Roland Hemond, the White Sox general manager, was remorseful over the way Johnson was hurt. He hired him to scout. From 1980 through 1997 Johnson was the advance man. He watched the next opponent, filed the reports and judged the players who might hit the market. He sat among fans who might have wondered whatever became of him.

“Most people have this cadence when they watch a game,” said Evans, who rose through the Sox organization to become the GM, and also did for the Dodgers. “The pitch is made, their eyes move somewhere else, and then they watch again. Bart never took his eyes off anything. He was looking in the dugout, checking out little things. He’d say, ‘Danny, did you see that? You’ve got to get locked in.’

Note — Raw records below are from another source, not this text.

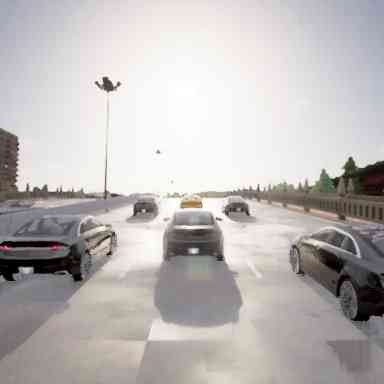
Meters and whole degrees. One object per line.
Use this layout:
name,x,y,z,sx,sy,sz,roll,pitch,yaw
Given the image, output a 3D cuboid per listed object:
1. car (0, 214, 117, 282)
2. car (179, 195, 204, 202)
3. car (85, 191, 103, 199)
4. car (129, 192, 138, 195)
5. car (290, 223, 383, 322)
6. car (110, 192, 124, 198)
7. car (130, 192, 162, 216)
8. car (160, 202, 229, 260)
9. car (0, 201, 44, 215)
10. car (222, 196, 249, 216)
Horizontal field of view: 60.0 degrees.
car,-3.456,1.367,9.347,2.128,1.511,4.902,0,1,0
car,-0.044,1.005,27.910,1.882,1.535,5.008,0,1,0
car,-17.839,0.559,60.759,2.033,1.411,5.357,0,0,0
car,-10.851,0.612,63.611,1.994,1.385,4.181,0,-1,0
car,3.555,1.410,7.037,2.128,1.511,4.902,0,1,0
car,-14.341,0.650,63.504,1.895,1.301,4.718,0,-1,0
car,-3.540,1.056,26.766,1.837,1.490,4.892,0,1,0
car,0.039,1.336,11.671,1.837,1.490,4.892,0,1,0
car,-10.702,1.234,20.445,1.994,1.385,4.181,0,1,0
car,3.461,1.070,26.931,1.812,1.442,4.674,0,1,0
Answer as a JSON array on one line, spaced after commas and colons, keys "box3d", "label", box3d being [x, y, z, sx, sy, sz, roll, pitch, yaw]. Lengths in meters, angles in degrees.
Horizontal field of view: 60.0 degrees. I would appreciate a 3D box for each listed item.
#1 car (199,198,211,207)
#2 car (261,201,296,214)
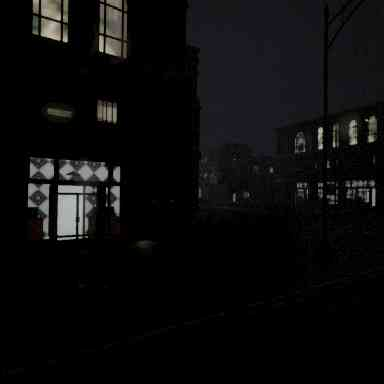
[{"box3d": [1.375, 1.619, 52.117, 1.887, 1.381, 4.507, 1, -1, -27], "label": "car"}, {"box3d": [9.442, 1.622, 36.635, 2.008, 1.369, 4.403, 1, -1, -27], "label": "car"}]
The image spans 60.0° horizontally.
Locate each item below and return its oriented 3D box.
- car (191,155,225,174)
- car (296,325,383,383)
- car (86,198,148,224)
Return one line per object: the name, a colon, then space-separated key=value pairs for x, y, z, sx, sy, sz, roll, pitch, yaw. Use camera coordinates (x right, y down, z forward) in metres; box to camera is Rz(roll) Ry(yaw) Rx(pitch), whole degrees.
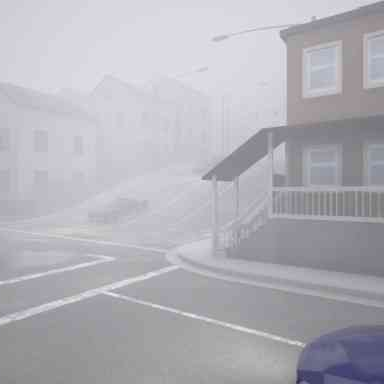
car: x=1.735 y=-2.933 z=34.559 sx=1.837 sy=1.490 sz=4.892 roll=0 pitch=15 yaw=35
car: x=2.955 y=1.525 z=1.856 sx=4.674 sy=1.442 sz=1.812 roll=0 pitch=0 yaw=36
car: x=-5.376 y=1.266 z=24.208 sx=1.895 sy=1.301 sz=4.718 roll=0 pitch=12 yaw=34

“(Manager) Tony LaRussa considered everything Bart said to be gospel. He trusted every report. Bart would watch a guy and say, ‘You know, I don’t think he’d go over that well in our clubhouse.’ And unlike a lot of scouts, he would listen.”

Today’s MLB clubs consider the advance scout a Jurassic vestige. Few still use one. Evans argues that video scouting leaves you at the director’s mercy.

“Before a game you see guys working out at different positions, making mechanical changes,” Evans said. “You see the pitchers doing their ‘side’ throwing. You’re networking, talking with everybody there, getting opinions. Those types of scouts have unbelievable value. Yet Bart was open to anything new. I remember him asking for Bill James’ first Baseball Abstract.

“I remember him telling me, ‘Danny, don’t say anything is certain unless you’re certain it’s certain. Don’t hypothesize.”

Decades have passed and Dana Pagett is still certain he was certain. “What might have been” is an abstraction. He knows what Bart Johnson was.